Carbon capture: A flimsy plaster or the response to climate change?

Monday, February 21, 2011
Chart for SOUTHERN CO{"s": "SOT."}""HM", k:" a00, a50, b00, b60, c10, g00, h00, l10, p20, t10, v00 ","o":" "," j ":" "} Rowena Mason, 7: 10, Friday 11 February 2011"

Clean coal sounds like a misnomer. The fossil fuel tends to conjure up images of Chinese power plants puffing thick clouds of smoke and grimy-faced Victorian miners.

But when the world will reduce its CO2 emissions, coal sanitising looks like the only answer.

For starters, it is unlikely that developing countries such as China and India go from their dependence on fuel anytime soon deposed to.

Although it think only an early-stage technology, scientists, burning coal, suck carbon dioxide and pump it underground possible.

Estimates would only 10pc of emissions of a traditional coal-fired power station to publish.

It could also be that a money spinner for the UK Treasury, which licenses exhausted oil and where the carbon dioxide ultimately keep gas fields.

With most UK's creaky old coal stations over the technology in European law offers withdrawn are, as you also pollutive, new hope for maintaining the security of energy supply of the country.

Britain is ready, up to four pilot projects costs ? 1bn Fund in the hope that UK world leader to be and might license its technology to other countries.

It can quickly add ? 17 annual energy costs, but given the coal relatively cheap compared to the fossil fuels peers it could end end up without subsidies to be economically viable.

There are even more experimental technologies, financing, underground like the burning of coal and win trapping carbon dioxide down there.

But at the moment the greatest support for "Carbon Capture and Storage" is equipment that could be fitted to existing coal plants.

The technology was not without its problems.
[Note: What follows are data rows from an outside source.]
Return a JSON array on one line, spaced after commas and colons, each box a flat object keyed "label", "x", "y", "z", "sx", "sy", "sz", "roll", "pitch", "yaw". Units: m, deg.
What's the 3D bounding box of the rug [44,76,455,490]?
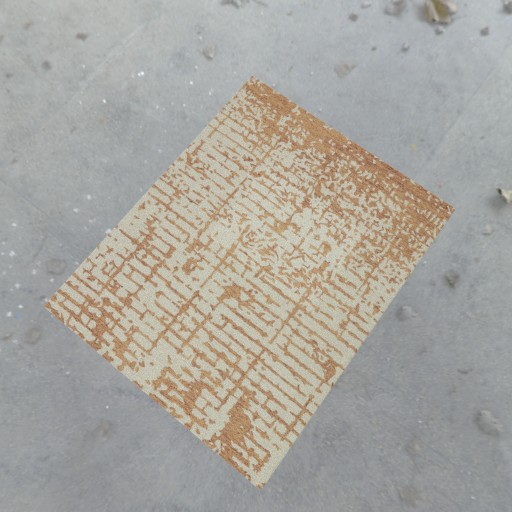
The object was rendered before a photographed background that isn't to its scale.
[{"label": "rug", "x": 0.000, "y": 0.000, "z": 4.082, "sx": 2.441, "sy": 0.011, "sz": 3.050, "roll": 36, "pitch": 77, "yaw": 10}]
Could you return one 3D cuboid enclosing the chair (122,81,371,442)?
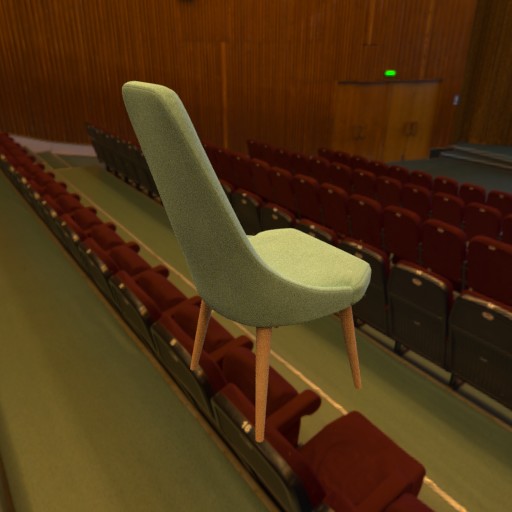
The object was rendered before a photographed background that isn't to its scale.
[{"bbox_3d":[0.000,0.000,1.386,0.660,1.040,0.510,-18,31,-33],"label":"chair"}]

The first competition by the British Government saw a raft of applicants to put the proposals.

One by one, broke you, realize that it would be too expensive and risky. E.on, was while uncertain about the future of energy demand to take more coal plants such as not ready on the load of the building.
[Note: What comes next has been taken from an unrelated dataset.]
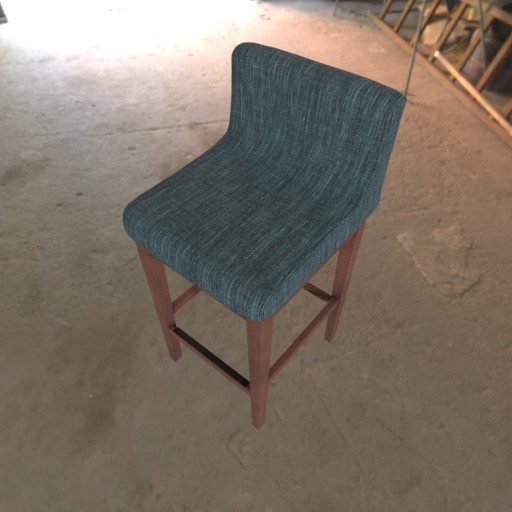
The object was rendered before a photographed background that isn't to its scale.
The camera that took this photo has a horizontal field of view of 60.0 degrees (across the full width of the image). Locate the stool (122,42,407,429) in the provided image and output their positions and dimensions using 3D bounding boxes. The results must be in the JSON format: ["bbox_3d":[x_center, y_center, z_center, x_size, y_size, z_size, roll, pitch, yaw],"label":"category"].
[{"bbox_3d":[0.000,0.000,1.103,0.395,0.835,0.459,31,54,26],"label":"stool"}]

Dr. Paul Golby, Chief Executive of E.on UK, has insisted a "key technology", but increased doubt coal is clean about his current viability.

"" There are two elephant in the room: markets and money, "he said.""If they are not fixed, nothing is progress expected to long-term carbon capture and storage beyond the blueprint phase".

The only plant, the links in the current competition the first ? 1 billion for a Demonstrationg to Scottish Power's Longannet that you set plant get.

However, the fact is that it encouraging nine bidders for the next round of money.

Big names such as Scottish and southern (Hamburg: SOT.)HM - News) and DRAX are ready their hopes on this experimental technology in the hope that it will save this coal dependent company and a coal UK - reliant from future without this critical fuel.